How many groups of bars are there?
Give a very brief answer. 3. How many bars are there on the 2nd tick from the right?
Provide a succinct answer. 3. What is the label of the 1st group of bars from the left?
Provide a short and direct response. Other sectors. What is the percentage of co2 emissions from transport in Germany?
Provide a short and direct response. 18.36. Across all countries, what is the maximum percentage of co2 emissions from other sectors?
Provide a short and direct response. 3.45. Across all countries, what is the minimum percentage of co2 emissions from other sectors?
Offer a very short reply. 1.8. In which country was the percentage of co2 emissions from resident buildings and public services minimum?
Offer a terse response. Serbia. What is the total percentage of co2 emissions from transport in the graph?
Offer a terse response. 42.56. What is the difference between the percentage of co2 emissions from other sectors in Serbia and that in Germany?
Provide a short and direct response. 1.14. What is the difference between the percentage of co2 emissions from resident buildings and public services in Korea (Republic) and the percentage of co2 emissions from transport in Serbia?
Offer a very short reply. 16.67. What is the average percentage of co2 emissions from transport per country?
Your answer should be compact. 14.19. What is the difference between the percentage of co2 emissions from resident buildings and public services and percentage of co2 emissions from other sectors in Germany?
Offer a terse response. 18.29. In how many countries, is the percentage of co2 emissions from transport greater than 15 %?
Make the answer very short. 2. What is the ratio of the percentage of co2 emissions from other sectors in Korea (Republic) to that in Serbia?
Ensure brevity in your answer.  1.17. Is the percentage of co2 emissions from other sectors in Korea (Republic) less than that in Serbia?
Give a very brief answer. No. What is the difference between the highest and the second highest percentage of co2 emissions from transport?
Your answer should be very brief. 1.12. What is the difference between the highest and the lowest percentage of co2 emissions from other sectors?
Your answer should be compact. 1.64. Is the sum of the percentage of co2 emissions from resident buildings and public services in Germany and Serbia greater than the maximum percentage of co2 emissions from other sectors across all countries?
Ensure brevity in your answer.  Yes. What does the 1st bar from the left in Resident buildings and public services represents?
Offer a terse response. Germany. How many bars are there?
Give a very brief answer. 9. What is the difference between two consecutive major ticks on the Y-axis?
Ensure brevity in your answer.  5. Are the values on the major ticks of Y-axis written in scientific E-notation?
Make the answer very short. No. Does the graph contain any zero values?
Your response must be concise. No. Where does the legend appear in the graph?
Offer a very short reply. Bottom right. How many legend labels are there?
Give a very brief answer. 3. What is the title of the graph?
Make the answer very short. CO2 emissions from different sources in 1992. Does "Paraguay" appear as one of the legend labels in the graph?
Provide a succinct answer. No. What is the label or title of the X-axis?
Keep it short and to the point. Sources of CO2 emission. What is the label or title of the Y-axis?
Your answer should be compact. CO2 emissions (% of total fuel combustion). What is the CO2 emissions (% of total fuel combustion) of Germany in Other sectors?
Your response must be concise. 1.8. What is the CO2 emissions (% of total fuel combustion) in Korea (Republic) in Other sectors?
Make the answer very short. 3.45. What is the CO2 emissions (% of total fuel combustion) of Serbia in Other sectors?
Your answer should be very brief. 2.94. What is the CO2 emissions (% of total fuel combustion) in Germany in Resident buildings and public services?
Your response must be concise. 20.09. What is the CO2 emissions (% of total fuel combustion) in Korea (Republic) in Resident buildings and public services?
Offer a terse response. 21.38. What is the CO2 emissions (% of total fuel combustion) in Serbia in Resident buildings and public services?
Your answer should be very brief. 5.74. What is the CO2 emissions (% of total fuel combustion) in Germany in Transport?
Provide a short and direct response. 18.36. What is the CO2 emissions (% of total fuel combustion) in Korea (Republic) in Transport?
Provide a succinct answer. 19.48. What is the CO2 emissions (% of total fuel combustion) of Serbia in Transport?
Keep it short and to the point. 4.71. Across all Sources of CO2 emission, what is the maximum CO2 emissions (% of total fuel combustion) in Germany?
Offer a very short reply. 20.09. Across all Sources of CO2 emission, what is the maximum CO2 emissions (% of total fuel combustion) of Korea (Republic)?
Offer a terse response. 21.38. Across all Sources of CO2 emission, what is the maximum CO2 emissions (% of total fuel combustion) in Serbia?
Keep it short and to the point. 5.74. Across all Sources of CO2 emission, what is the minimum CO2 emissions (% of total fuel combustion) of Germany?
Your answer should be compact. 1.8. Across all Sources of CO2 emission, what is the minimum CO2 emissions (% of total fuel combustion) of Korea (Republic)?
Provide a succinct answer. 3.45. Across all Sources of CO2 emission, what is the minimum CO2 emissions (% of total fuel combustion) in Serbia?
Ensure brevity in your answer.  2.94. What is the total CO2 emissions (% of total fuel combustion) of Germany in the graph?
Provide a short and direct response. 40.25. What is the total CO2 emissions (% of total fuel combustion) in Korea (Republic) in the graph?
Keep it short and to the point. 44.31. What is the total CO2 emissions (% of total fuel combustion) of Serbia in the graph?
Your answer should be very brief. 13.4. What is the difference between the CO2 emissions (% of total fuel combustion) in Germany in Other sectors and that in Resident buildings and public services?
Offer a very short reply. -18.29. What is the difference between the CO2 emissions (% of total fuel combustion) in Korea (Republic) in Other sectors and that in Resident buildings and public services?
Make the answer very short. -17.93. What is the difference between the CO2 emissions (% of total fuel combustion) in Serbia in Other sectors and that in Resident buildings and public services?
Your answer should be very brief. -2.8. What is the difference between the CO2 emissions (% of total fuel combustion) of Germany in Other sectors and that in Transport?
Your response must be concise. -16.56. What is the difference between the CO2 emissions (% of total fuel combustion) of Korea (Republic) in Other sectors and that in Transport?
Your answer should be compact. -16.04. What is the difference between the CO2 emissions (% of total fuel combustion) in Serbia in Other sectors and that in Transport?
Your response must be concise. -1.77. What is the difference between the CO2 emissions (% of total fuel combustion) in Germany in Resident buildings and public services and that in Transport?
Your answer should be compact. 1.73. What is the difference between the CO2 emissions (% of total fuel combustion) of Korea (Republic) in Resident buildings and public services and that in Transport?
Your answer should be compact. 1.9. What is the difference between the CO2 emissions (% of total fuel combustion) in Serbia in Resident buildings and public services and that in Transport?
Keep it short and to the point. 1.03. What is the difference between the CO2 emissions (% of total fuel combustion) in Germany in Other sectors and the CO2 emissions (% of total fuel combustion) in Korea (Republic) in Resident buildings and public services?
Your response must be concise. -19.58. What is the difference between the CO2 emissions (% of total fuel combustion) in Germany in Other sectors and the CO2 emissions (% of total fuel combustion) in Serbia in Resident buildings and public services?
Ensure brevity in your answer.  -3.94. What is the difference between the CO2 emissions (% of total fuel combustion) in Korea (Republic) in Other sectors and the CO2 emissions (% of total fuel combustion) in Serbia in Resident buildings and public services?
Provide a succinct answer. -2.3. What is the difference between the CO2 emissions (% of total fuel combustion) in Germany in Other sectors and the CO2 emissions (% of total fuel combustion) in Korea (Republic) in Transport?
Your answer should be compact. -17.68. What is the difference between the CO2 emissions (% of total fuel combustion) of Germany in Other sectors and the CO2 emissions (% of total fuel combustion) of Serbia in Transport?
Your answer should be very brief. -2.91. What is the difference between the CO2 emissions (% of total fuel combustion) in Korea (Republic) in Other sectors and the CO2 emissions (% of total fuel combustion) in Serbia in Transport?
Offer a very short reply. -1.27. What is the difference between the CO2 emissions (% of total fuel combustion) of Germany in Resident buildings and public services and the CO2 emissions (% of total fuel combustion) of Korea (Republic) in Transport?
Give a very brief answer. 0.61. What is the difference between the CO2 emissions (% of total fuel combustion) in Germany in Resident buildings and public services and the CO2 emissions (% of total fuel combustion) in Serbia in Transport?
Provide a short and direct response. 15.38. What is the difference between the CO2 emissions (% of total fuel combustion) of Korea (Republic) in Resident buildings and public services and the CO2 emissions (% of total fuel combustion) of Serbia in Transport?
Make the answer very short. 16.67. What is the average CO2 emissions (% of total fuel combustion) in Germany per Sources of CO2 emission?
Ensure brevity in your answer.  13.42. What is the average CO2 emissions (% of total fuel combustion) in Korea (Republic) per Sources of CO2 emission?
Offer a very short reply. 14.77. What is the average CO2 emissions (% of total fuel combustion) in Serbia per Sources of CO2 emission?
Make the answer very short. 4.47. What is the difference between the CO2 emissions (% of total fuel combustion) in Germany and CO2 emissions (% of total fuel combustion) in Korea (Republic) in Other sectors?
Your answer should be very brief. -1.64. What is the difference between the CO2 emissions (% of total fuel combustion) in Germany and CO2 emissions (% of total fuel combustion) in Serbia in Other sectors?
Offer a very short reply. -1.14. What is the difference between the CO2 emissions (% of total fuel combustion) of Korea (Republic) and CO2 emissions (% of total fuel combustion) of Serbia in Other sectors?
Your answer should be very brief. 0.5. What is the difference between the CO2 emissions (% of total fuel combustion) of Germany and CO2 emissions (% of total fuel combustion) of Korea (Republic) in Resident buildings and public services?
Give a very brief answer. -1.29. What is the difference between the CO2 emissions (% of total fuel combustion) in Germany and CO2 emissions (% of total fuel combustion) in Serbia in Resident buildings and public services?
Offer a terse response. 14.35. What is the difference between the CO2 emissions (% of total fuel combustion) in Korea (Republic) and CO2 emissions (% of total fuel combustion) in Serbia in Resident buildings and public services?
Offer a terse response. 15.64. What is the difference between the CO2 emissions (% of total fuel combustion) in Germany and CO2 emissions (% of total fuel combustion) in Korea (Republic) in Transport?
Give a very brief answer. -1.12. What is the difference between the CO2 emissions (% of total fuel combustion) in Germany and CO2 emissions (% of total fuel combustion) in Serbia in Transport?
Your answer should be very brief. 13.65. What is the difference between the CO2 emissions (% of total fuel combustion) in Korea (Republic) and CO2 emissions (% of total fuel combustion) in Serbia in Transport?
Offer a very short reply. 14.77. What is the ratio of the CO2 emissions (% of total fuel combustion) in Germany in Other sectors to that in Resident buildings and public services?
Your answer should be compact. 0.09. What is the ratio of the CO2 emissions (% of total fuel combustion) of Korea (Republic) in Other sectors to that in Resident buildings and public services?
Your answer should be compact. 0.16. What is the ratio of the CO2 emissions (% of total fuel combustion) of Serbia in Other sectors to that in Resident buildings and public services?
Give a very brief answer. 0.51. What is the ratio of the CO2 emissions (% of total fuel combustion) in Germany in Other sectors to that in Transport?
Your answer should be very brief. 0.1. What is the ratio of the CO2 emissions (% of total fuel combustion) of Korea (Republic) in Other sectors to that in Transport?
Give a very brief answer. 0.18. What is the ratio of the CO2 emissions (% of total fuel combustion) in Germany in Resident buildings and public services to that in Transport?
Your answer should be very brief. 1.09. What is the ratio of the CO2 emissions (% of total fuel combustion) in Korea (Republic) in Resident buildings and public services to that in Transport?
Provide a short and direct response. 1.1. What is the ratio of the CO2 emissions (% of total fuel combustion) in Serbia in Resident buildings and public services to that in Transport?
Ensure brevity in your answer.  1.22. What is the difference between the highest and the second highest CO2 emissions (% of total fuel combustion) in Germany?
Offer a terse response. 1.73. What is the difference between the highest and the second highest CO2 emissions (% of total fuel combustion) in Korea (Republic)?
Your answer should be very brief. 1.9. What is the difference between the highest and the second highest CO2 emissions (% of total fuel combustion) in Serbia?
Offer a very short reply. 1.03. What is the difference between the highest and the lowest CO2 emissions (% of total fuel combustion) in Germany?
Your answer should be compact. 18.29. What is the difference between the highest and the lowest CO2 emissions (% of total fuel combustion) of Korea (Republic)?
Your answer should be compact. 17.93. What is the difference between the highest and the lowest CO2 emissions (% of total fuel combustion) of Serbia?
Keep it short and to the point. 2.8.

◆ ◆ ◆ ◆

What to produce:
Each line of the entries above that has the word "legend" is to be copied.

Answer below:
Your response must be concise. No. Where does the legend appear in the graph?
Offer a very short reply. Bottom right. How many legend labels are there?
Make the answer very short. CO2 emissions from different sources in 1992. Does "Paraguay" appear as one of the legend labels in the graph?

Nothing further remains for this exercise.